Find the line in the entries below that contains "- car (954,496,994,533)". Repeat it exactly, and every line after it through the line that contains "- car (996,468,1055,548)".

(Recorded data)
========
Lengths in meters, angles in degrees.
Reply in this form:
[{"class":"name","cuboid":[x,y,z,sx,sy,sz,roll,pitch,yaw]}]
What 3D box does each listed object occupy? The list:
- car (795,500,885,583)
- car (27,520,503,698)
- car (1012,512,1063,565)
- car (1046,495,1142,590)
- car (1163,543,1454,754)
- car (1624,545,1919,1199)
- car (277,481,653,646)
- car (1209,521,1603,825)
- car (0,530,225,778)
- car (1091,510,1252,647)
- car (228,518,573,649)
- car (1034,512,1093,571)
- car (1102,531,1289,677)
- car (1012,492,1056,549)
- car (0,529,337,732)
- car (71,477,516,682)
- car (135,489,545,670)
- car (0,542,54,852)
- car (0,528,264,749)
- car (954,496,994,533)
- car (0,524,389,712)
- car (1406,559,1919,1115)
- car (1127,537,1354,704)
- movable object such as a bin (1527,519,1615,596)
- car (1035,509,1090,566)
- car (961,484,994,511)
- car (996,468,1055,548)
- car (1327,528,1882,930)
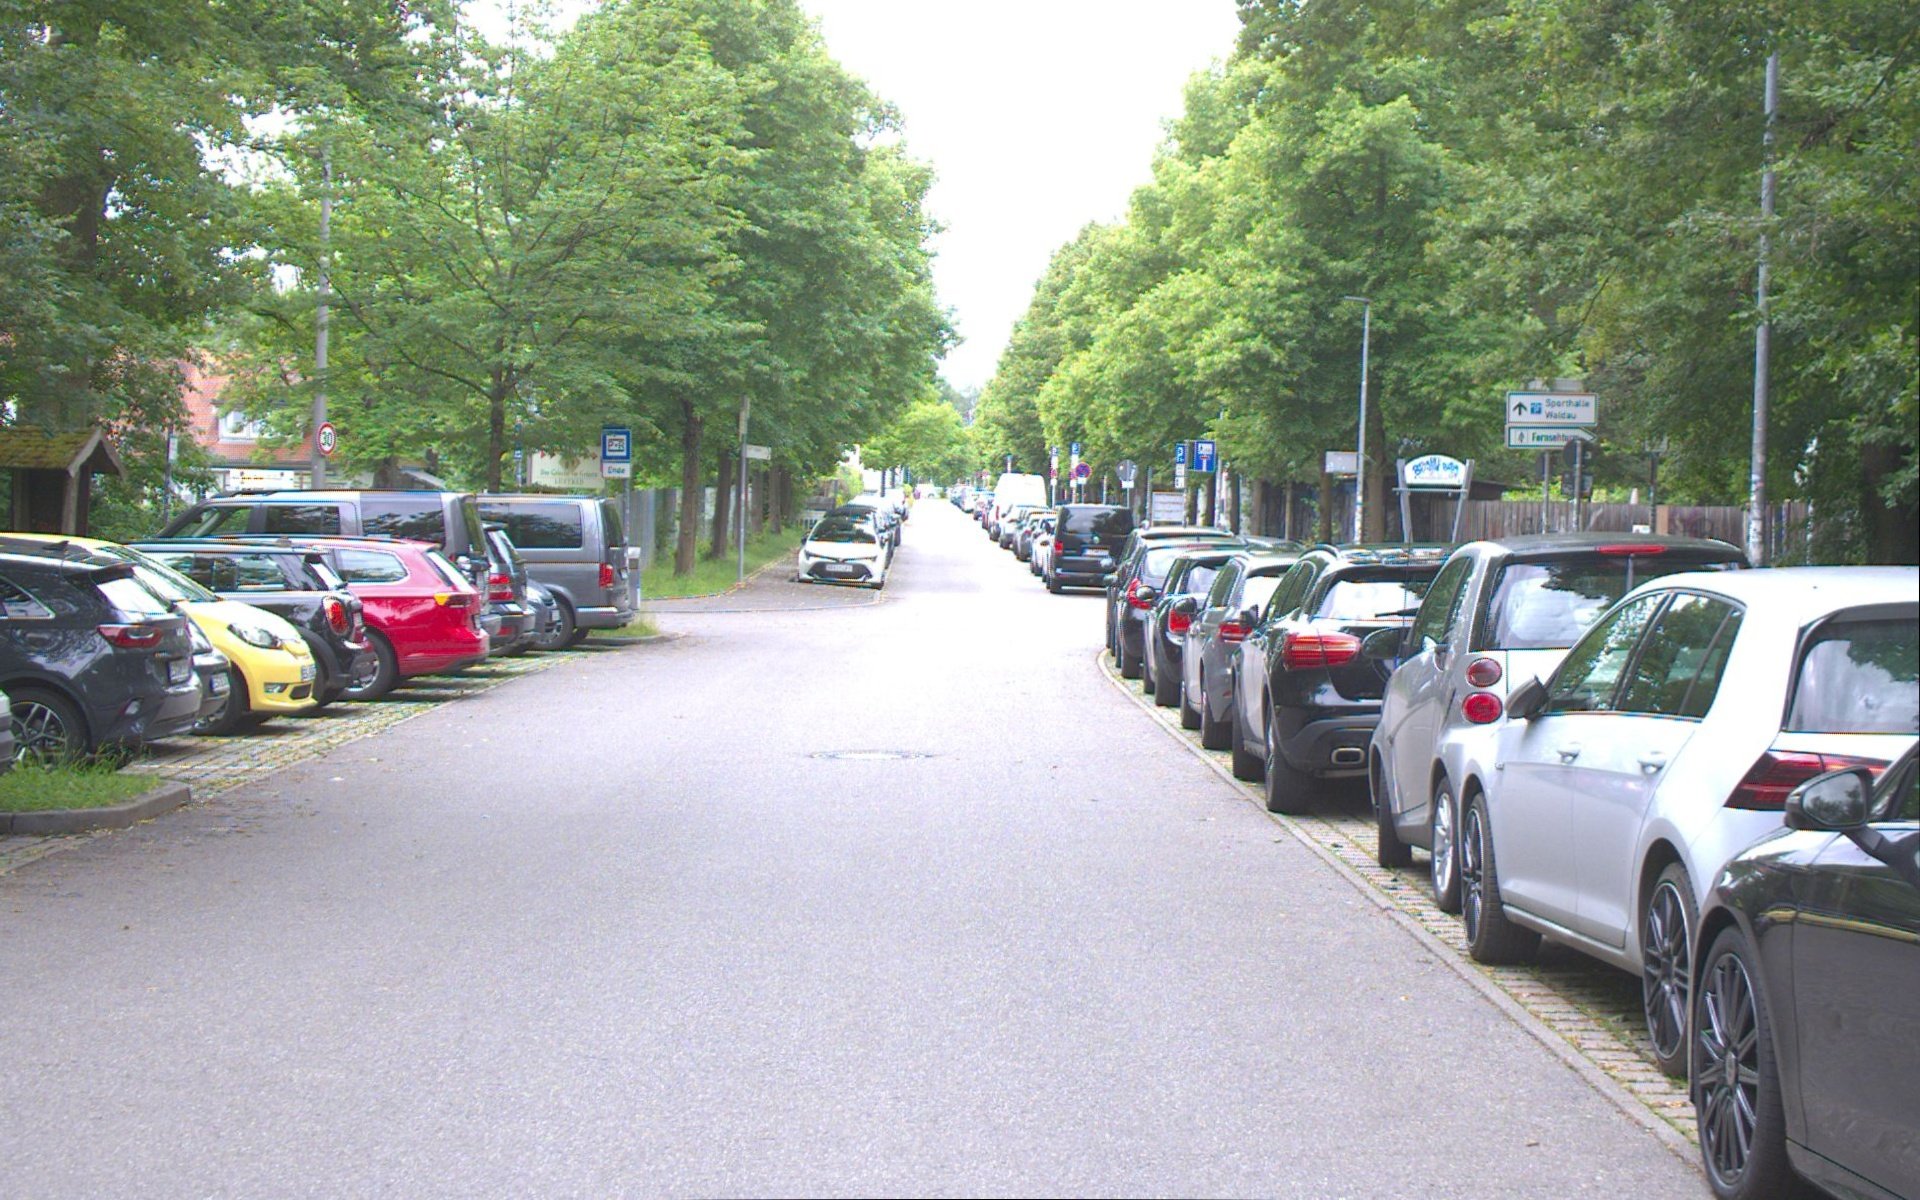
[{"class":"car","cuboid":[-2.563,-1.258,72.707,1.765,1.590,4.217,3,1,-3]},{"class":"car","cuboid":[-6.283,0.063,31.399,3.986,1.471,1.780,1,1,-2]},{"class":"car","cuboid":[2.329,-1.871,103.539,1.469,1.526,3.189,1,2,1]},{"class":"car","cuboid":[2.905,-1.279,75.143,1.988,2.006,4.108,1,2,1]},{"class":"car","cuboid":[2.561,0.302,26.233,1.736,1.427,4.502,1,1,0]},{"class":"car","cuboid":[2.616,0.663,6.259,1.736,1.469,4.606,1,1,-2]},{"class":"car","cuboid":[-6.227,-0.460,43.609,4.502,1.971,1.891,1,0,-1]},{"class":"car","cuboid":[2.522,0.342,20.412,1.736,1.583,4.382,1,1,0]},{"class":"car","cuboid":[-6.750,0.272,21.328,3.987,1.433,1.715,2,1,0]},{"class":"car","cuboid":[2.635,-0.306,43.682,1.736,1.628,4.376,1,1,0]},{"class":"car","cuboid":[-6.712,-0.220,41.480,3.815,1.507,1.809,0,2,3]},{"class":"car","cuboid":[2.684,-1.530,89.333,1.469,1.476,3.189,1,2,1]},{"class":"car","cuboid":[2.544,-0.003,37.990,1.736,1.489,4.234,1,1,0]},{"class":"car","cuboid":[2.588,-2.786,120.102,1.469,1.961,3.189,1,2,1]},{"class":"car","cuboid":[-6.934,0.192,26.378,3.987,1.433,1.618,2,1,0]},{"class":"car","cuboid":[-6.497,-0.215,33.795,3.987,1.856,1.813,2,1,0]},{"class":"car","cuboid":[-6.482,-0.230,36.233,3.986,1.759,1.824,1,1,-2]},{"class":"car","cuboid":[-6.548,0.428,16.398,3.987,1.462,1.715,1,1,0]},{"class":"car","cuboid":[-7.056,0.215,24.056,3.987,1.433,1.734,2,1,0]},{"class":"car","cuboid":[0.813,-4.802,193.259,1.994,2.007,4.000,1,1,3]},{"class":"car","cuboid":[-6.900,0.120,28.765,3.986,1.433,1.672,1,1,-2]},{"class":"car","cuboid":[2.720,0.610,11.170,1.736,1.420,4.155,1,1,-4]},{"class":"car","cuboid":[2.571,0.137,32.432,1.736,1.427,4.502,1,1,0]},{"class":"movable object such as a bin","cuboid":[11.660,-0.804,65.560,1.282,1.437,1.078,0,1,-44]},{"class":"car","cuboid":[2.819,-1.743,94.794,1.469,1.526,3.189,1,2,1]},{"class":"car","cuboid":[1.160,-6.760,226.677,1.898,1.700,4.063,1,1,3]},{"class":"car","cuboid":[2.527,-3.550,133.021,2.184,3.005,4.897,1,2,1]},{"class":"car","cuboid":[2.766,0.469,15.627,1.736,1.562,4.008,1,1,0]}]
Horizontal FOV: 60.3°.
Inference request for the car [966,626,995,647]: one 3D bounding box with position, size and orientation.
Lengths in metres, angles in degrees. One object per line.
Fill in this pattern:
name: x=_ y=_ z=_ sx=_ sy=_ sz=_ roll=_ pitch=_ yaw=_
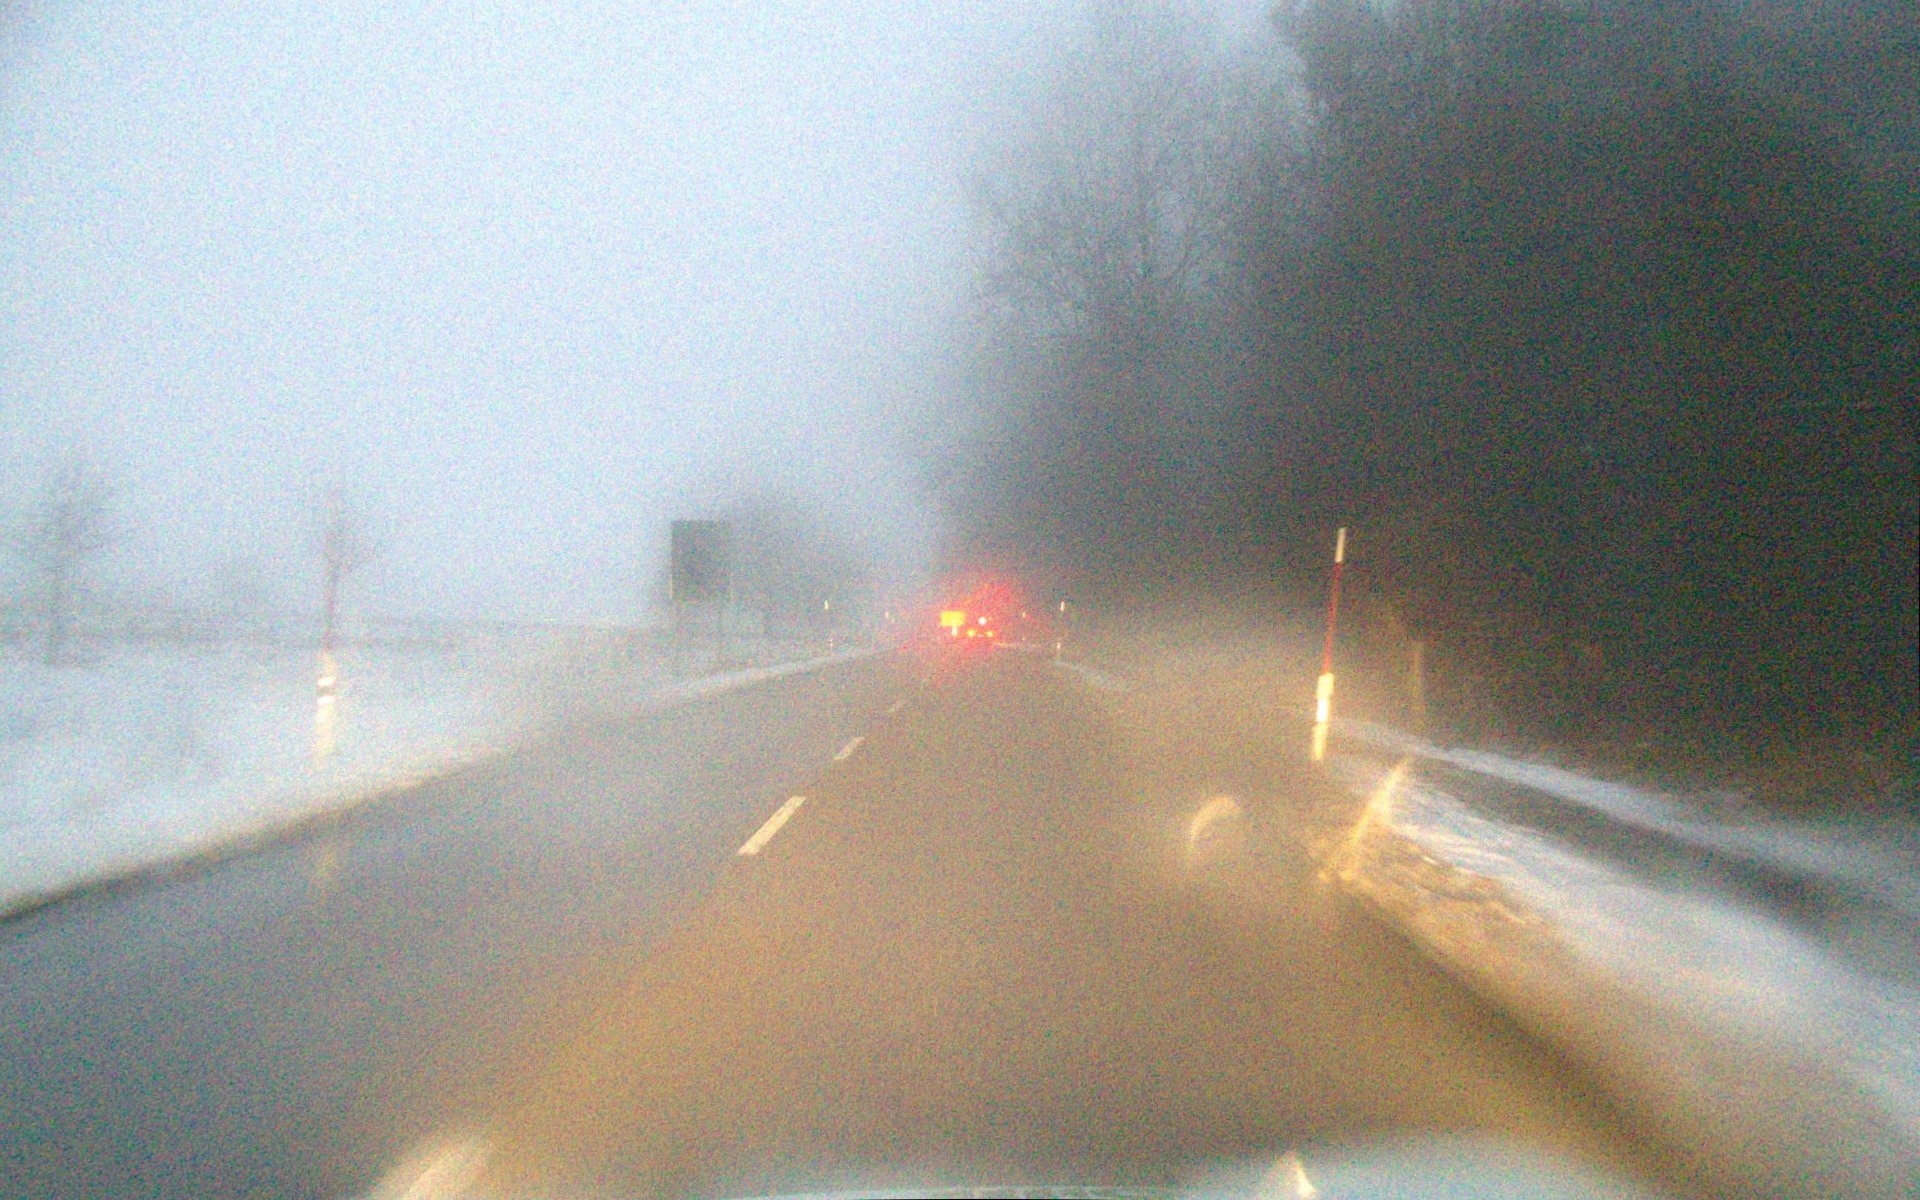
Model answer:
========
■ **WRITTEN RESPONSE**:
- car (954,496,994,533)
- car (0,524,389,712)
- car (1406,559,1919,1115)
- car (1127,537,1354,704)
- movable object such as a bin (1527,519,1615,596)
- car (1035,509,1090,566)
- car (961,484,994,511)
- car (996,468,1055,548)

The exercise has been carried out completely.